Mboya concurs that if they can hit the anticipated deadline with the project, then they will have created a game-changer. “In order for a country to really show itself, it will show itself through those cultural institutions. That hasn’t been done yet and I think this is also significant because of that,” she said in defense of the necessity of a centre of the magnitude they are envisioning as opposed to the scattered various spaces where traditionally artists and creators have been operating from.

When I spoke to Mboya at their temporary home on Kayahwe Road, Kilimani, I asked her if the artists will have a place to smoke weed in the new place with all its CCTV cameras and smoke censors as new buildings in Nairobi tend to come after the old has been knocked down. I reminded her of the Kenya National Theatre and what happened to the hobos who used to hang around its famous ‘bakawolla’ backyard beating solemn rhythms out of hand-me-down djembes and nyatitis after a corporate refurbished the place in 2015 and kicked them out.

“We are fully aware of that,” Mboya said with a laugh, conceding that artists, by their nature, are ‘resourceful people’ who will always find ways to do what they want to do. “As far as we are concerned, as an institution, we want to be in a position where we can be able to say we haven’t broken any law. Which is why I am saying artists are resourceful people.” She added that the levels of security in place will not be designed to intimidate anyone. ‘‘The people on the street have to be able to walk into the new GoDown and just sit there or walk around without anyone asking them ‘‘Wewe ni nani?’’”

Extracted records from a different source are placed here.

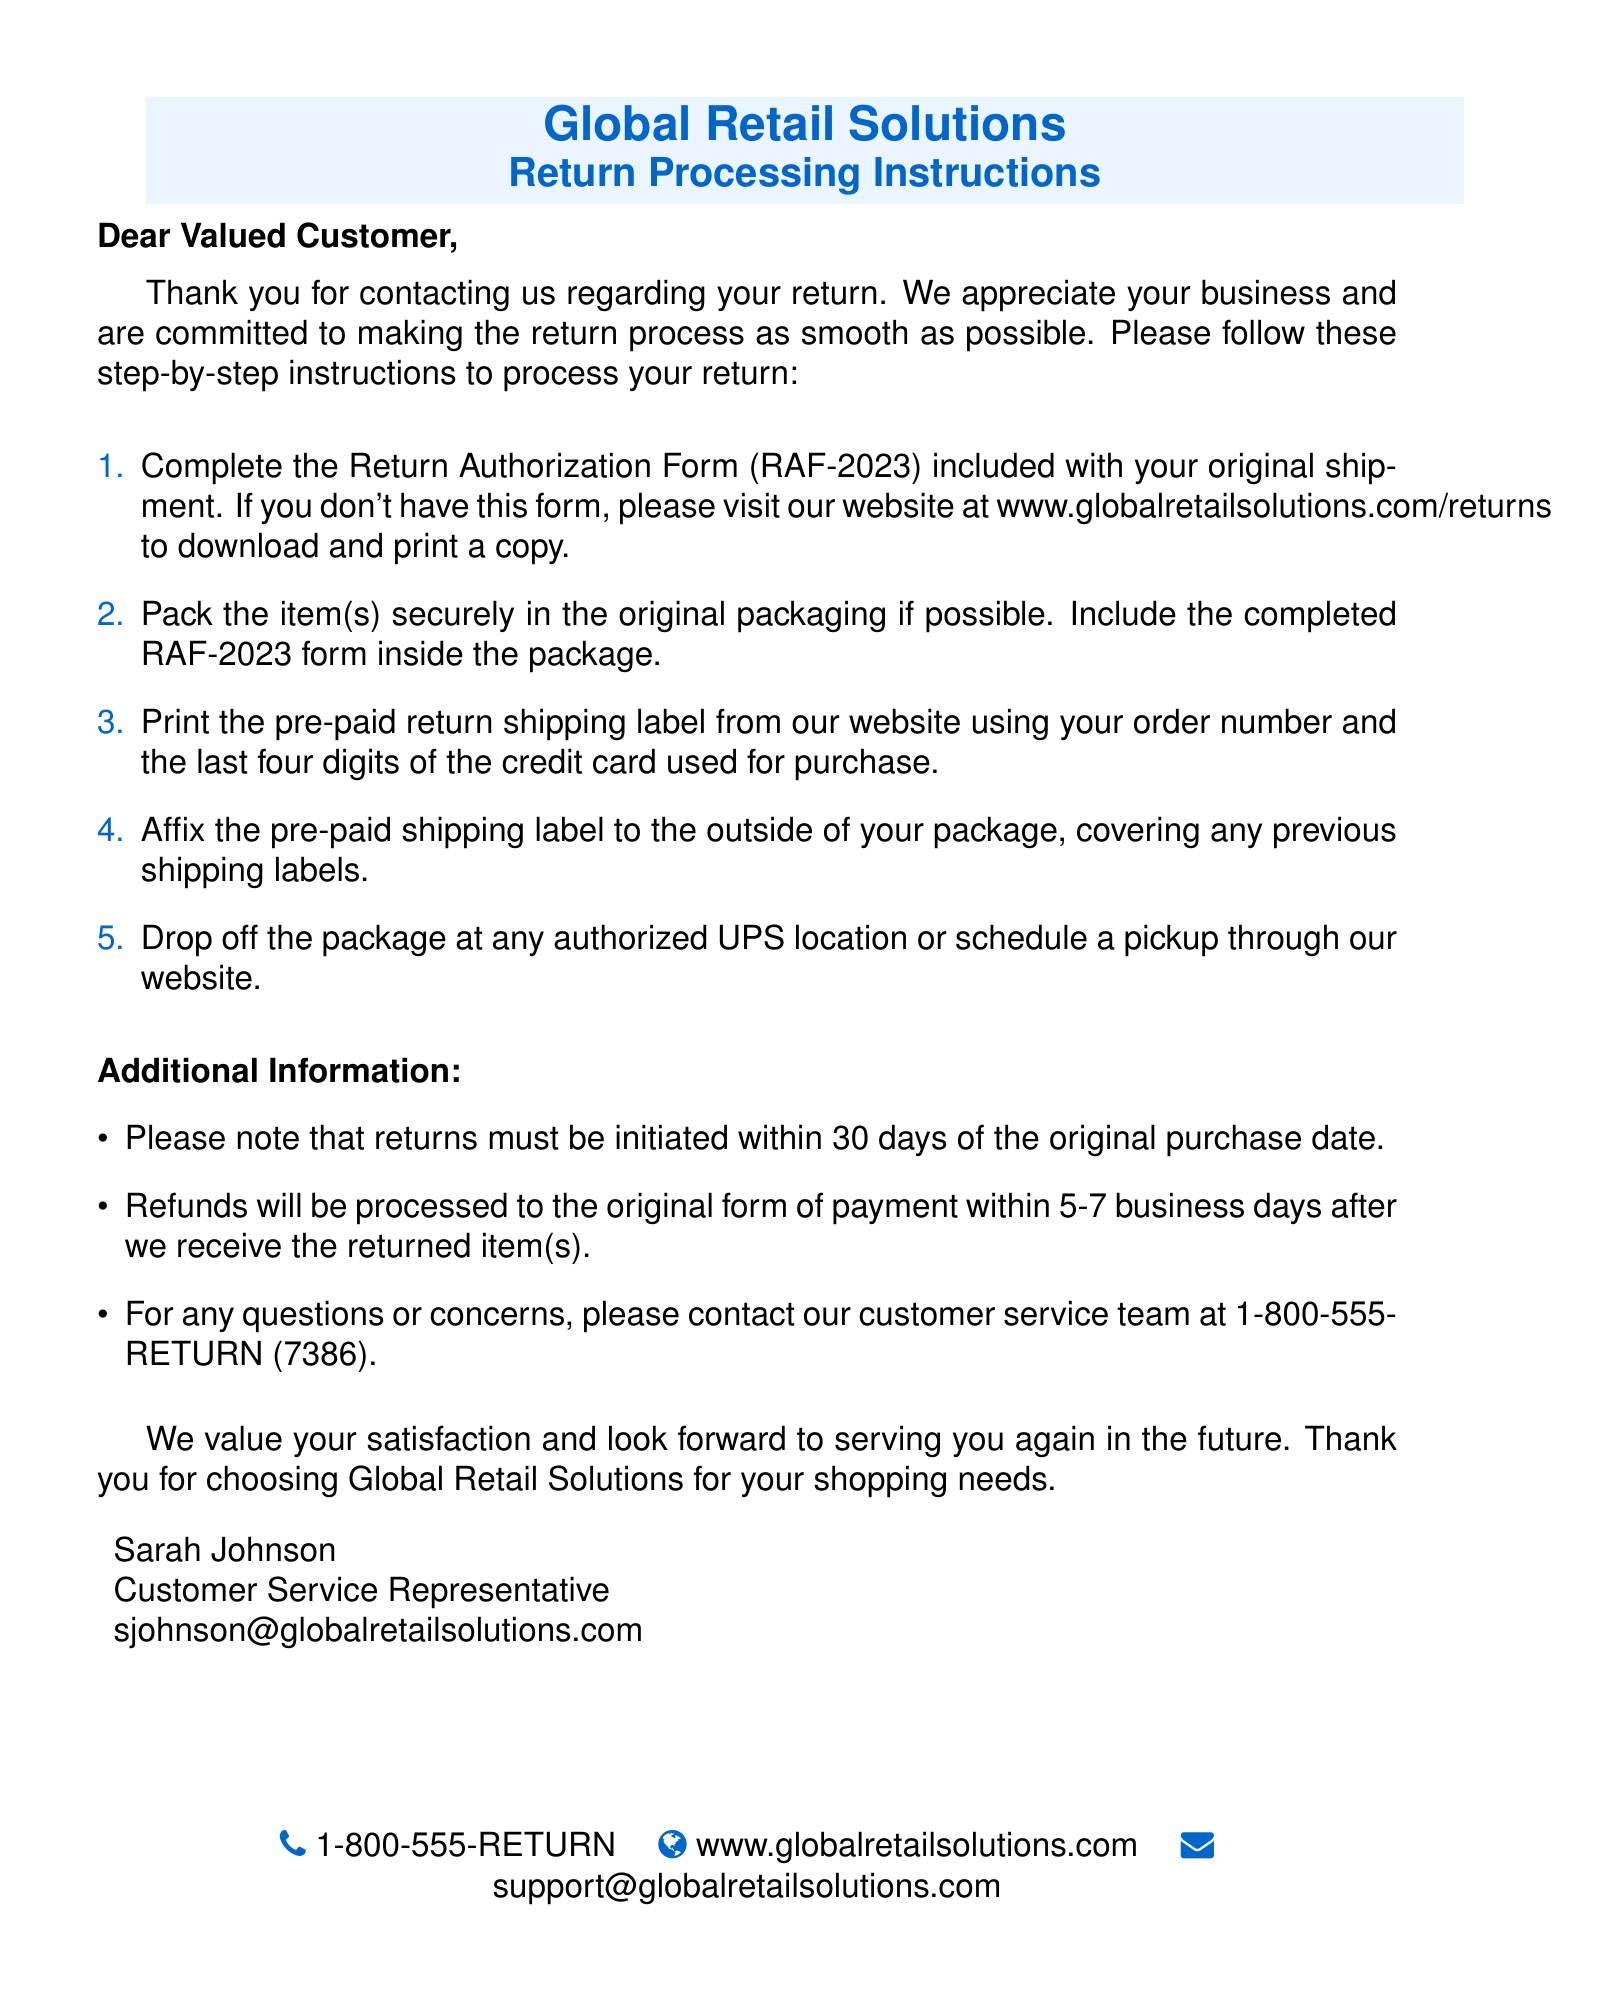What is the return authorization form number? The return authorization form number is mentioned as RAF-2023 in the document.
Answer: RAF-2023 Where can I download a copy of the Return Authorization Form? The document specifies that a copy can be downloaded from the website at www.globalretailsolutions.com/returns.
Answer: www.globalretailsolutions.com/returns How many days do I have to initiate a return? The document states that returns must be initiated within 30 days of the original purchase date.
Answer: 30 days What is the phone number for customer service? The customer service phone number provided in the document is clearly stated as 1-800-555-RETURN.
Answer: 1-800-555-RETURN How long will it take to process my refund? The document indicates that refunds will be processed within 5-7 business days after the returned item(s) are received.
Answer: 5-7 business days What should I do if I don’t have the Return Authorization Form? The document tells customers to visit the website to download and print a copy if they don't have the form.
Answer: Visit the website What should be included inside the return package? The instructions specify that the completed Return Authorization Form (RAF-2023) should be included inside the package.
Answer: Completed RAF-2023 form Which courier service should I use to return the package? The document advises dropping off the package at any authorized UPS location or scheduling a pickup.
Answer: UPS 
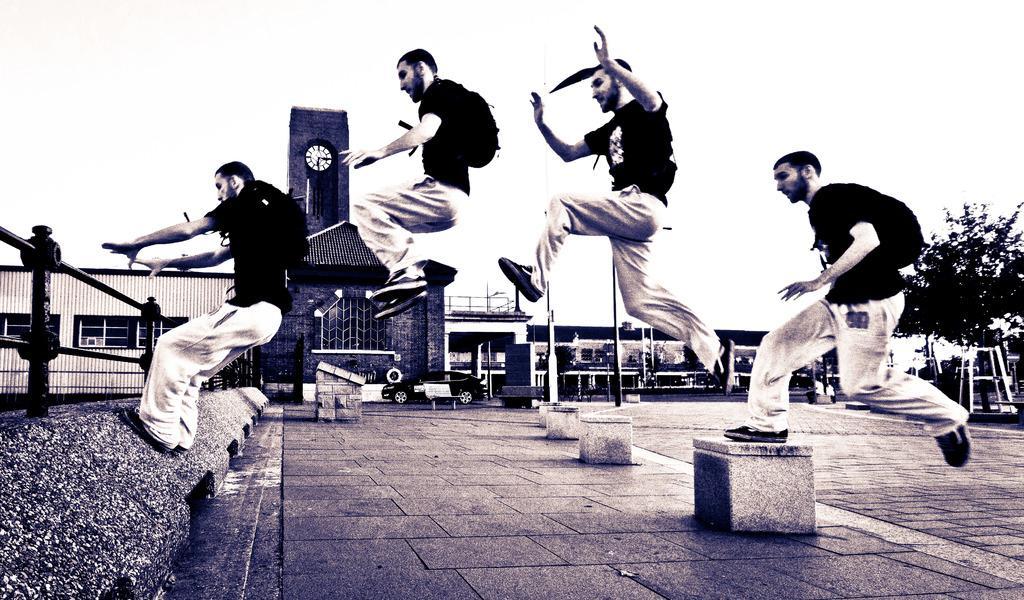Describe this image in one or two sentences. In this image we can see a person jumping. There is a barrier in the image. There are few poles in the image. There are few buildings in the image. There is a clock on the wall. We can see the sky in the image. There is a vehicle in the image. There is a tree at the right side of the image.

As for the mtaa artists who may feel intimidated by the new centre, street graffiti will be incorporated into the design to make it feel like theirs. The management also plans to occasionally hold street jamborees and exhibitions on the adjacent Dundori Street, to make the community feel welcome to the new place.

If what they are showing on their website will actually be brought to life on Dunga Road, then you certainly won’t speed past without noticing, especially when it is lit up at night. 

The city’s skyline is already transforming tremendously up on the hill across the expressway as companies move away from downtown Nairobi and set up their headquarters in Upper Hill. As for Industrial Area, which is where the GoDown is domiciled, the blocks that are coming up are mostly utilitarian standard brick-and-mortar types, with little care for aesthetics. The new GoDown will certainly add style and elegance to that part of town. The only difference is that unlike the intimidating towers coming up in Upper Hill, this one will be a futuristic stylish project owned by the mtaa, and for the mtaa. A place for Nairobi to congregate and feast her senses. And as they gaze forlornly at Lupita Nyong’o’s fading mural on the old place’s wall and follow the rumblings of the excavators at work on the premises, the kibanda owners across the road no doubt miss the artists who used to dash across the road to eat ugali or chapo dondo at their open-air eateries whenever they could not afford lunch at Doreen’s. They no doubt await their return to bolster their businesses, same to the hooch sellers in adjoining kiosks, the fruit seller who used to bring her salads to Ketebul and chat us up as we worked and the South B matatus that used to ferry people to the GoDown Gig.